Igniting the Calm: Is It Meds, Therapy, Trauma…
There was a fire in my house, and I do not know the woman that put it out.
It was me. Yet, the calm, action-focused individual that put out the fire within seconds of discovery is strange.
My family had decided to have a simple Sunday dinner of frozen pizza with zucchini on the side. I grabbed something from the kitchen as my partner said, “I don’t know what’s up with this oven.” I looked back and thought I saw a flash of a flame followed by black smoke coming out. I walked up to the oven, opened the door, and saw nothing. I swore I saw something, though.
I crouched down and opened the broiler drawer to find the flames. I quickly closed the drawer in hopes of limiting the amount of oxygen hitting the fire. As I stood up, I saw a fire blanket I had been influenced to purchase over the summer and said, “Well, that’s why we have these” as I grabbed it. Opening the fire blanket coincided with me realizing I was about to freak out when I saw the flames again. “You’re going to want to freak out, but you can’t, just act. Don’t hesitate,” I told myself.
I kept going. I opened the broiler drawer and put the fire blanket over the fire. I peeked around to make sure I had covered the whole thing. I had. I slowly lifted a corner of the blanket to check that it had worked. It did. The fire was gone.
I was stunned as we opened windows, turned on fans, and cleaned up the minimal mess. Fifteen minutes after the flames were snuffed we only had a smell reminding us of the delay to dinner. I had acted swiftly and accurately. I couldn’t believe how eventful yet uneventful the last 20 minutes had been. How was I swirling in calm instead of downward spiraling?
Rewind to a year earlier when our kitchen sink kept backing up with stinky, dark water. I spent hours searching for solutions and seeking another’s opinion before taking action. Our house would have been gone and onto destroying others if I had taken the same approach. Again, how? How was I both women?
Are the meds I’m on really a magical solution?

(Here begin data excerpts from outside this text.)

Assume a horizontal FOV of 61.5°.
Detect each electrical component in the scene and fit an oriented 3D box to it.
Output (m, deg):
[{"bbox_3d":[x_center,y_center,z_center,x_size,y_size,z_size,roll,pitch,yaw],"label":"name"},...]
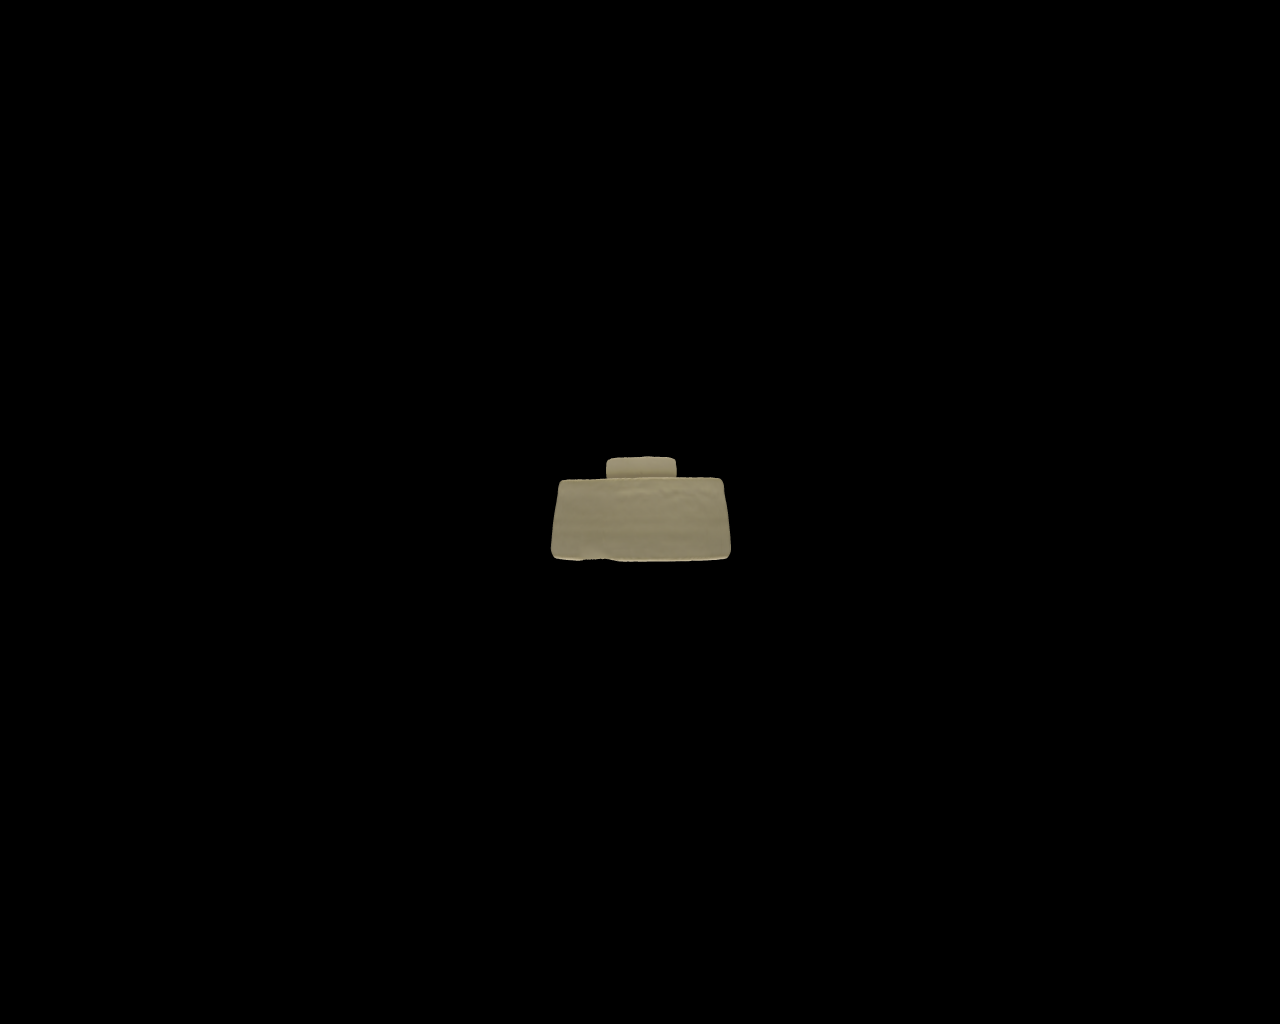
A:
[{"bbox_3d":[0.001,-0.003,0.650,0.108,0.060,0.108,0,0,0],"label":"electrical component"}]
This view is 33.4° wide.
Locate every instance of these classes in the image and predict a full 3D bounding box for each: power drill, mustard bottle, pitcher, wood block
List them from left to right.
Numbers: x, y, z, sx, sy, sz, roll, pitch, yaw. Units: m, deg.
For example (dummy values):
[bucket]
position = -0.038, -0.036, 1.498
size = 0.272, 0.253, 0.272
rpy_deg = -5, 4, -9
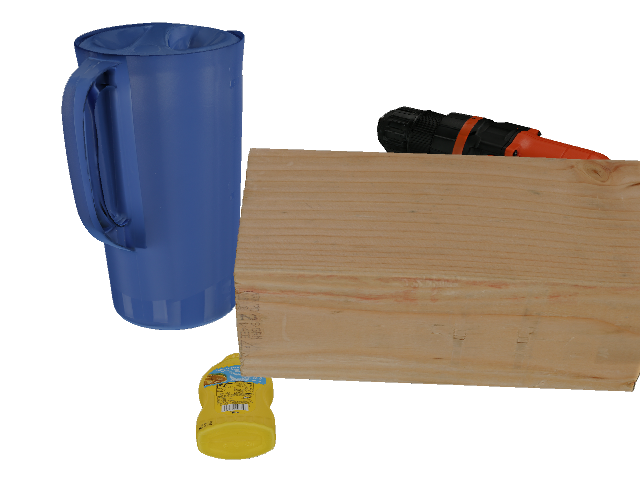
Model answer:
[pitcher]
position = -0.131, -0.050, 0.872
size = 0.149, 0.243, 0.145
rpy_deg = -6, 22, -14
[mustard bottle]
position = -0.108, 0.200, 1.360
size = 0.096, 0.058, 0.191
rpy_deg = -4, 26, -3
[wood block]
position = 0.062, 0.016, 0.560
size = 0.206, 0.091, 0.090
rpy_deg = 2, -43, 1
[power drill]
position = 0.121, -0.003, 0.814
size = 0.185, 0.188, 0.057
rpy_deg = 20, 35, 30
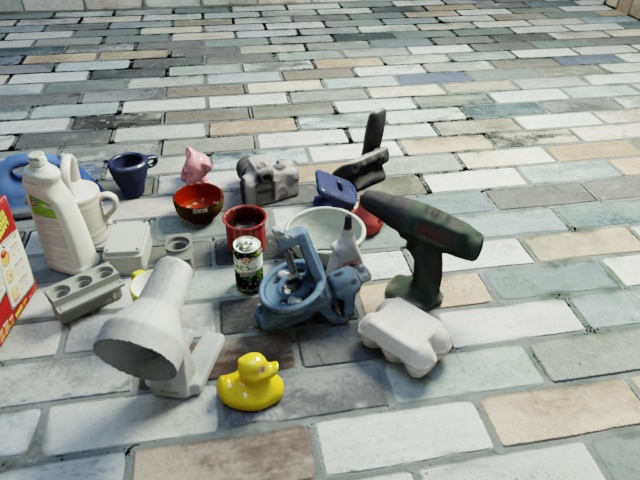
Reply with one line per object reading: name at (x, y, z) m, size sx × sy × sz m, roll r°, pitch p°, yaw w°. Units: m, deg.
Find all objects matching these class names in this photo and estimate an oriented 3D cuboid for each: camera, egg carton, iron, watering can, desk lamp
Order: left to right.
iron at (-0.633, -0.143, 1.310) m, size 0.258 × 0.141 × 0.118 m, roll -9°, pitch 38°, yaw -13°
watering can at (-0.516, -0.084, 1.190) m, size 0.173 × 0.194 × 0.100 m, roll -19°, pitch 41°, yaw -24°
desk lamp at (-0.236, 0.145, 0.870) m, size 0.117 × 0.214 × 0.203 m, roll 7°, pitch 37°, yaw 9°
camera at (-0.137, -0.163, 1.384) m, size 0.143 × 0.101 × 0.136 m, roll -17°, pitch 40°, yaw -22°
egg carton at (0.144, 0.164, 0.976) m, size 0.149 × 0.069 × 0.107 m, roll 28°, pitch 45°, yaw 32°

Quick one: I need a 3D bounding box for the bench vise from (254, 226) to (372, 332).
bench vise at (-0.018, 0.052, 0.996) m, size 0.208 × 0.220 × 0.121 m, roll -22°, pitch 42°, yaw -28°

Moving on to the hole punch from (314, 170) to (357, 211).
hole punch at (0.036, -0.109, 1.324) m, size 0.101 × 0.091 × 0.108 m, roll -3°, pitch 37°, yaw -5°

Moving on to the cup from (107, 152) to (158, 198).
cup at (-0.440, -0.154, 1.369) m, size 0.118 × 0.095 × 0.091 m, roll -22°, pitch 42°, yaw -28°

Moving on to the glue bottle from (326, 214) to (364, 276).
glue bottle at (0.048, 0.025, 1.073) m, size 0.078 × 0.173 × 0.037 m, roll -21°, pitch 42°, yaw -27°

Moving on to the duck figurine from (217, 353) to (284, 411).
duck figurine at (-0.109, 0.212, 0.890) m, size 0.104 × 0.086 × 0.077 m, roll -2°, pitch 37°, yaw -4°

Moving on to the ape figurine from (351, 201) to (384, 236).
ape figurine at (0.105, -0.062, 1.260) m, size 0.077 × 0.092 × 0.076 m, roll 8°, pitch 37°, yaw 9°

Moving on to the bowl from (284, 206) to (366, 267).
bowl at (0.011, 0.004, 1.184) m, size 0.167 × 0.075 × 0.167 m, roll 1°, pitch 37°, yaw 0°

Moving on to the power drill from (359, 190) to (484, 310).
power drill at (0.176, 0.020, 1.053) m, size 0.229 × 0.208 × 0.076 m, roll 14°, pitch 38°, yaw 17°

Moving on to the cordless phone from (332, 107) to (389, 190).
cordless phone at (0.105, -0.231, 1.410) m, size 0.093 × 0.185 × 0.148 m, roll 31°, pitch 46°, yaw 34°

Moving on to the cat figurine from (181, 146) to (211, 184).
cat figurine at (-0.303, -0.181, 1.390) m, size 0.067 × 0.118 × 0.127 m, roll -15°, pitch 39°, yaw -20°
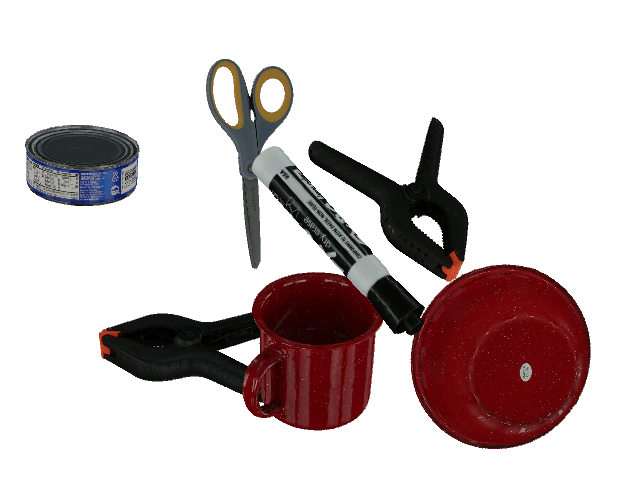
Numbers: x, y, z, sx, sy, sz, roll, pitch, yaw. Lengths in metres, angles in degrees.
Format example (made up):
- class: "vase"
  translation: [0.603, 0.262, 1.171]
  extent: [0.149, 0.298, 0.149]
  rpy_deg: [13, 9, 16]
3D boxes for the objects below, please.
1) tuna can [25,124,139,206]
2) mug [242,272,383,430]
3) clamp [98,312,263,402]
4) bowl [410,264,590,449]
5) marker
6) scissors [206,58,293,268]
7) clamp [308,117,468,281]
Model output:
- class: "tuna can"
  translation: [-0.184, -0.058, 0.824]
  extent: [0.086, 0.034, 0.086]
  rpy_deg: [6, 26, -3]
- class: "mug"
  translation: [-0.010, 0.086, 0.760]
  extent: [0.093, 0.081, 0.117]
  rpy_deg: [25, 38, 32]
- class: "clamp"
  translation: [-0.109, 0.092, 0.961]
  extent: [0.171, 0.039, 0.120]
  rpy_deg: [10, 27, 8]
- class: "bowl"
  translation: [0.160, 0.103, 0.890]
  extent: [0.162, 0.162, 0.055]
  rpy_deg: [0, 6, -10]
- class: "marker"
  translation: [0.009, 0.000, 0.519]
  extent: [0.121, 0.020, 0.020]
  rpy_deg: [48, 25, 25]
- class: "scissors"
  translation: [-0.054, -0.083, 1.042]
  extent: [0.096, 0.202, 0.016]
  rpy_deg: [-21, 8, -21]
- class: "clamp"
  translation: [0.087, -0.045, 1.136]
  extent: [0.164, 0.210, 0.036]
  rpy_deg: [-8, -36, -17]
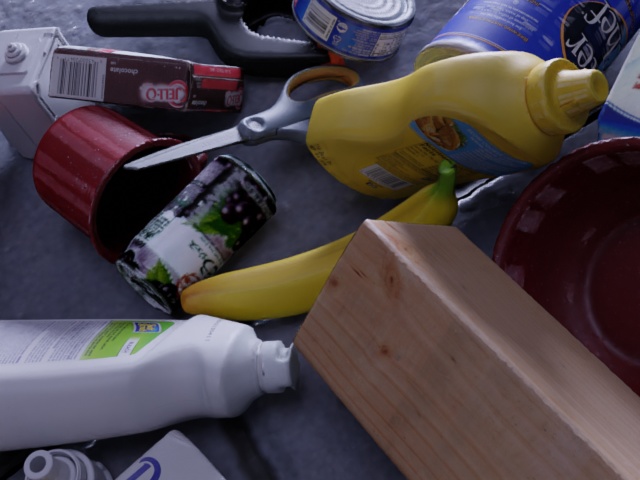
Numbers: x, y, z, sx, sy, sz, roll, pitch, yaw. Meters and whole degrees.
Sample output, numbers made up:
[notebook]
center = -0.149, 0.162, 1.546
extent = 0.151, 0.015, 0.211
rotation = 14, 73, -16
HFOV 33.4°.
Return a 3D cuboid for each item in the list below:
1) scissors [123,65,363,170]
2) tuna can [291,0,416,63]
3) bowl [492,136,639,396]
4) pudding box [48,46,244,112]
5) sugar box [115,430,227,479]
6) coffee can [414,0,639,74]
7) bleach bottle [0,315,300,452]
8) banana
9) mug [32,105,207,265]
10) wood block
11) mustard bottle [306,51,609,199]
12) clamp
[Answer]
[scissors]
center = -0.025, -0.065, 0.707
extent = 0.096, 0.016, 0.201
rotation = 36, 47, 18
[tuna can]
center = 0.025, -0.169, 0.771
extent = 0.086, 0.034, 0.086
rotation = 15, 44, -15
[bowl]
center = 0.177, 0.026, 0.589
extent = 0.162, 0.055, 0.162
rotation = -5, 82, 40
[pudding box]
center = -0.122, -0.113, 0.767
extent = 0.114, 0.090, 0.039
rotation = 10, 99, 20
[sugar box]
center = -0.115, 0.196, 0.588
extent = 0.176, 0.048, 0.093
rotation = -43, 57, -13
[coffee can]
center = 0.143, -0.135, 0.701
extent = 0.103, 0.103, 0.140
rotation = 29, 69, 29
[bleach bottle]
center = -0.139, 0.086, 0.643
extent = 0.251, 0.068, 0.102
rotation = -4, 23, 11
[banana]
center = 0.009, 0.010, 0.661
extent = 0.198, 0.069, 0.037
rotation = -28, 40, 19
[mug]
center = -0.132, -0.046, 0.732
extent = 0.117, 0.093, 0.082
rotation = -32, 47, -33
[wood block]
center = 0.091, 0.087, 0.558
extent = 0.206, 0.090, 0.090
rotation = 46, 118, 33
[mustard bottle]
center = 0.085, -0.069, 0.626
extent = 0.192, 0.096, 0.058
rotation = -10, 60, 51
[clamp]
center = -0.057, -0.188, 0.830
extent = 0.210, 0.036, 0.164
rotation = 26, 66, 26
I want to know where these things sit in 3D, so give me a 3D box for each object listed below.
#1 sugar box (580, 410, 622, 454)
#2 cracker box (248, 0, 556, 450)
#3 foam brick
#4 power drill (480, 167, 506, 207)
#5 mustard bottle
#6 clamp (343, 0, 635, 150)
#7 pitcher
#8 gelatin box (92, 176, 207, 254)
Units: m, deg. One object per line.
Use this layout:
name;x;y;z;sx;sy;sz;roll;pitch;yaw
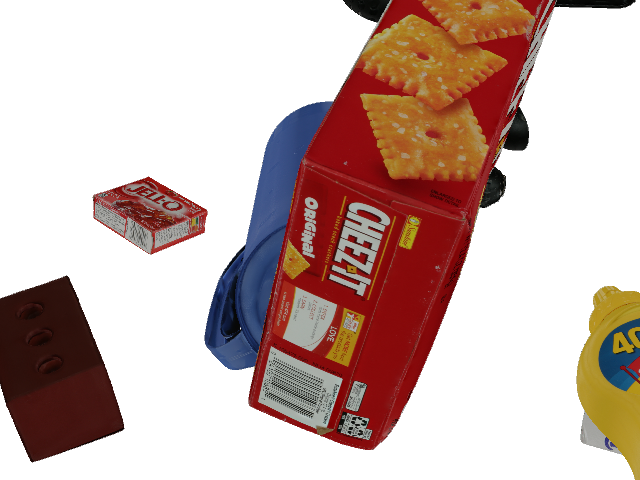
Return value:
sugar box;0.316;0.150;0.904;0.176;0.093;0.048;12;23;17
cracker box;0.045;-0.034;0.496;0.072;0.164;0.213;22;48;7
foam brick;-0.145;0.068;0.573;0.053;0.051;0.078;-20;43;-16
power drill;0.069;0.009;0.965;0.184;0.188;0.057;5;18;11
mustard bottle;0.199;0.089;0.598;0.096;0.058;0.192;-9;35;-7
clamp;0.075;-0.147;0.657;0.210;0.164;0.036;26;-33;10
pitcher;0.000;-0.007;0.787;0.149;0.145;0.243;7;27;-5
gelatin box;-0.168;-0.027;1.049;0.089;0.030;0.073;30;35;31
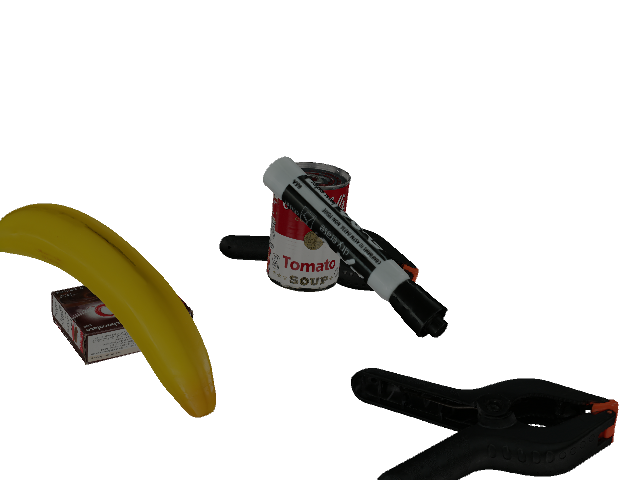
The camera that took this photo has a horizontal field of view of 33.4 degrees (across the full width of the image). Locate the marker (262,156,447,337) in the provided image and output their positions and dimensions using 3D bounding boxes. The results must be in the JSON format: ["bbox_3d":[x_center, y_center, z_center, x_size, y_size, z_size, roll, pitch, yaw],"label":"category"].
[{"bbox_3d":[0.017,0.003,0.519,0.121,0.020,0.020,45,21,24],"label":"marker"}]

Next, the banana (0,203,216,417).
[{"bbox_3d":[-0.133,0.030,0.661,0.198,0.070,0.037,33,31,18],"label":"banana"}]

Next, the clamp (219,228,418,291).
[{"bbox_3d":[0.003,0.010,1.169,0.210,0.036,0.164,27,36,16],"label":"clamp"}]

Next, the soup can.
[{"bbox_3d":[-0.012,-0.013,0.967,0.068,0.102,0.068,5,22,-2],"label":"soup can"}]

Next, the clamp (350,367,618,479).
[{"bbox_3d":[0.102,0.124,0.667,0.171,0.039,0.120,0,36,5],"label":"clamp"}]

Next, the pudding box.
[{"bbox_3d":[-0.192,0.073,1.035,0.113,0.039,0.090,-14,30,-30],"label":"pudding box"}]
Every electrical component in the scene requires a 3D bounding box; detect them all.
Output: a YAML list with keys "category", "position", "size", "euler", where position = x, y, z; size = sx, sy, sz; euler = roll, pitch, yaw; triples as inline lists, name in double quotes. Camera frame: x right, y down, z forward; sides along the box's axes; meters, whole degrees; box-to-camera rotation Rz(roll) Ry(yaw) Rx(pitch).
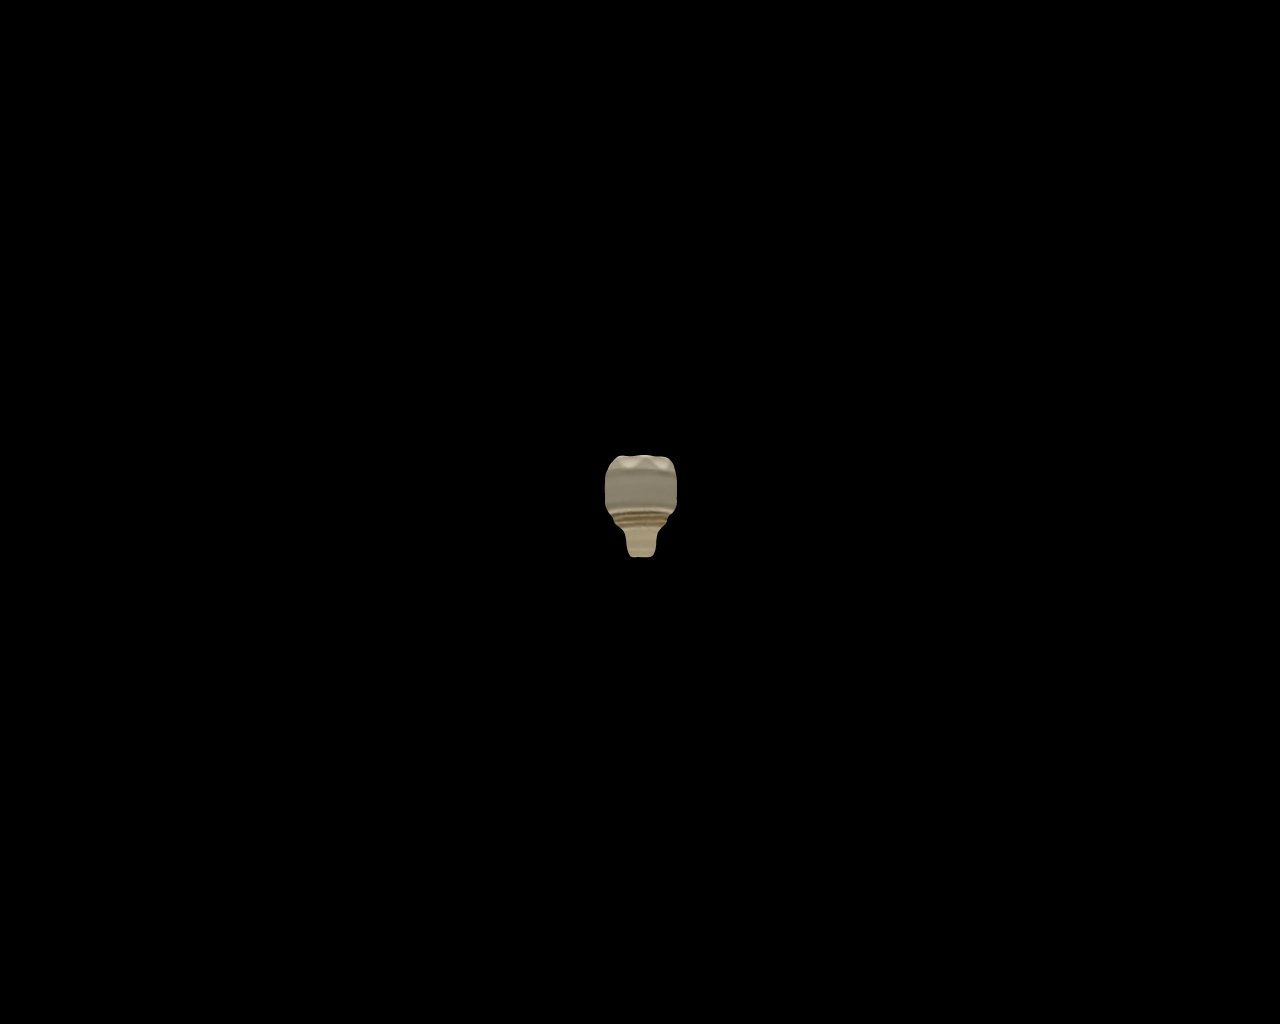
- category: "electrical component"
  position: [0.001, -0.003, 0.650]
  size: [0.043, 0.062, 0.043]
  euler: [0, -5, 0]
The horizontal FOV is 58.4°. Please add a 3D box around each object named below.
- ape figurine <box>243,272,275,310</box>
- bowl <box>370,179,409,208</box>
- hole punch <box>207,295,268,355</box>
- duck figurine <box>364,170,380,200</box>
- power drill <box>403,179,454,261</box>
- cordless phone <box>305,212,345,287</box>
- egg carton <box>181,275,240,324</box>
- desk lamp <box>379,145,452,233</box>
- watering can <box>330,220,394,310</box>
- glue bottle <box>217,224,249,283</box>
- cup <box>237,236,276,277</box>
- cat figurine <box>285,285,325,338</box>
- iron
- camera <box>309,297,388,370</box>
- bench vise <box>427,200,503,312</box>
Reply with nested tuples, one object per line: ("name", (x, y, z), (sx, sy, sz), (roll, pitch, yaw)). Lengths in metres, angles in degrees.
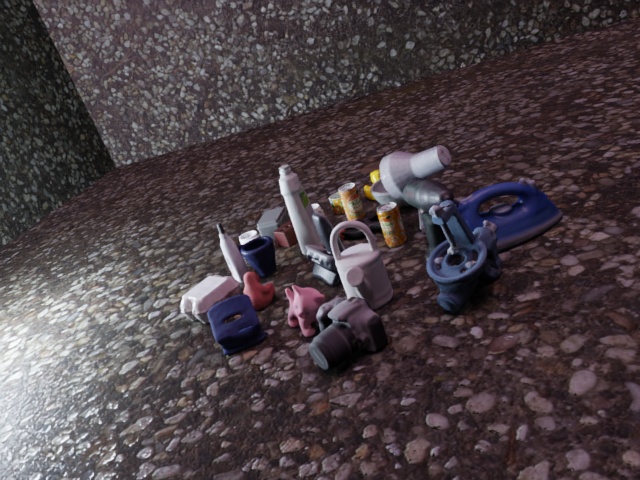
("ape figurine", (-0.156, 0.117, 1.395), (0.077, 0.092, 0.076), (-7, 27, 29))
("bowl", (0.234, -0.139, 1.669), (0.167, 0.075, 0.167), (-17, 23, 8))
("hole punch", (-0.185, 0.185, 1.269), (0.109, 0.091, 0.101), (-24, 23, -8))
("duck figurine", (0.182, -0.176, 1.779), (0.104, 0.086, 0.078), (-8, 26, 26))
("power drill", (0.256, -0.043, 1.265), (0.075, 0.209, 0.229), (-23, 23, -6))
("cordless phone", (0.013, 0.005, 1.387), (0.094, 0.185, 0.147), (-31, 25, -24))
("egg carton", (-0.277, 0.147, 1.456), (0.107, 0.069, 0.151), (2, 31, 41))
("desk lamp", (0.271, -0.132, 1.446), (0.202, 0.214, 0.118), (-1, 30, 38))
("watering can", (0.086, 0.050, 1.217), (0.101, 0.194, 0.172), (-23, 23, -6))
("glue bottle", (-0.242, 0.031, 1.551), (0.037, 0.173, 0.078), (-30, 25, -22))
("cup", (-0.167, 0.050, 1.549), (0.117, 0.095, 0.092), (-3, 28, 34))
("cat figurine", (-0.034, 0.137, 1.218), (0.067, 0.118, 0.127), (-31, 25, -24))
("iron", (0.413, -0.070, 1.285), (0.258, 0.142, 0.118), (-21, 23, -1))
("camera", (0.034, 0.175, 1.101), (0.137, 0.101, 0.142), (-33, 26, -29))
("bench vise", (0.274, 0.003, 1.134), (0.121, 0.220, 0.208), (-6, 27, 30))

I knew therapy worked, but does it work this well? Or was my calm, focused action a trauma response? Yes. Yes to everything.
We can shame the anxious brain with ease, but struggle to recognize when it is a superpower. Because of my hypervigilance, I already had a plan months before the small fire in our over happened. I had purchased multiple tools from the same manufacture in a packaged deal and placed them strategically throughout the house. In places most likely to experience an accidental fire, like the kitchen, the fire blankets were in sight to avoid forgetting about them in times of stress. My anxious brain anticipated and helped me execute the plan I didn’t realize I had.
Group my anxiety in superpower mode with a new prescription in the past year and discussion around effective self-talk in therapy, and you have a story of success and safety.
I am the stranger. I am also the hero.